Senora Gray vs Just Walnut
Senora Gray (Benjamin Moore) and Just Walnut (Dulux) come from different manufacturers. Both sit in the beige-greige family, which is useful context if you're narrowing within a single hue direction. The 24-point LRV gap — 72 for Just Walnut vs 48 for Senora Gray — means Just Walnut will open up a space more effectively. Where Senora Gray leans yellow, Just Walnut reads warm — a distinction that shifts noticeably depending on the light source and surrounding finishes. A ΔE of 13.5 puts these firmly in different territory — two distinct design choices rather than close alternatives. Below you'll find 2 real-room photo comparisons where both colors appear side by side, plus 5 simulated room previews.

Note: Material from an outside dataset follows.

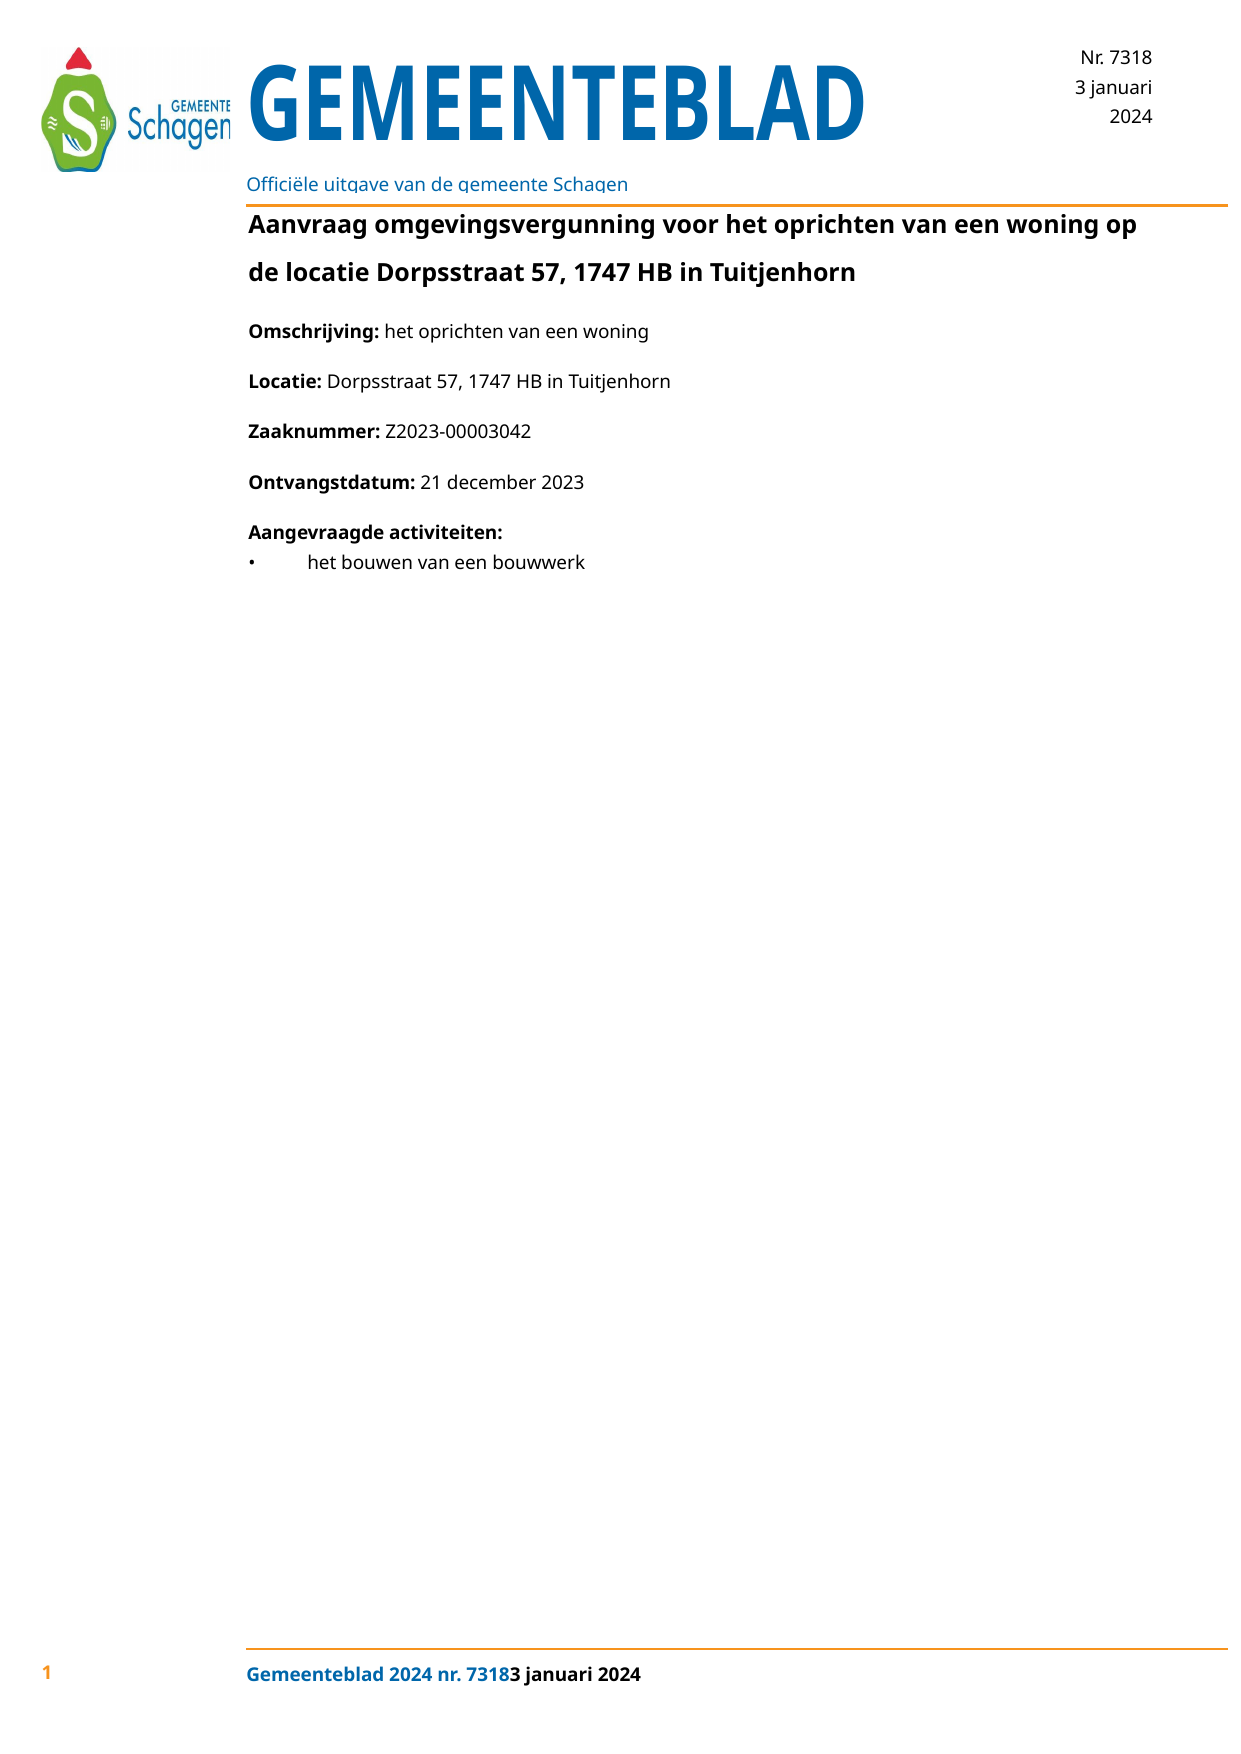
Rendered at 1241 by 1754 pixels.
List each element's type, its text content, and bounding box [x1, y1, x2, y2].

Senora Gray vs Just Walnut in Real Spaces
2 real rooms side by side. Seeing Senora Gray and Just Walnut in actual rooms makes the difference concrete; browse the spaces below to get a feel for how each color lives on a wall.
Living Room
A living room wall sees more varied light than almost any other surface in the house, which makes the choice between these two more nuanced than a chip suggests. Just Walnut reflects noticeably more light off the walls, making the space read more open than Senora Gray.
Dining Room
Dining rooms often rely on warm incandescent or candlelight, which flatters warm undertones and mutes cool ones. The LRV gap is large enough that Just Walnut will make the room feel meaningfully brighter than Senora Gray would.
Color Details
Senora Gray vs Just Walnut Simulated Comparison
5 simulated room previews — drag the slider on each to see Senora Gray on one side and Just Walnut on the other.
Digital color is approximate. These simulations are generated from the manufacturer's hex values and overlaid on grayscale room photos — your screen's calibration, brightness, and viewing angle all affect how they render. Before committing to either color, test physical samples in your own space under the light you actually live with.
More Senora Gray comparisons
See how Senora Gray stacks up against other well-photographed colors across different brands and tones.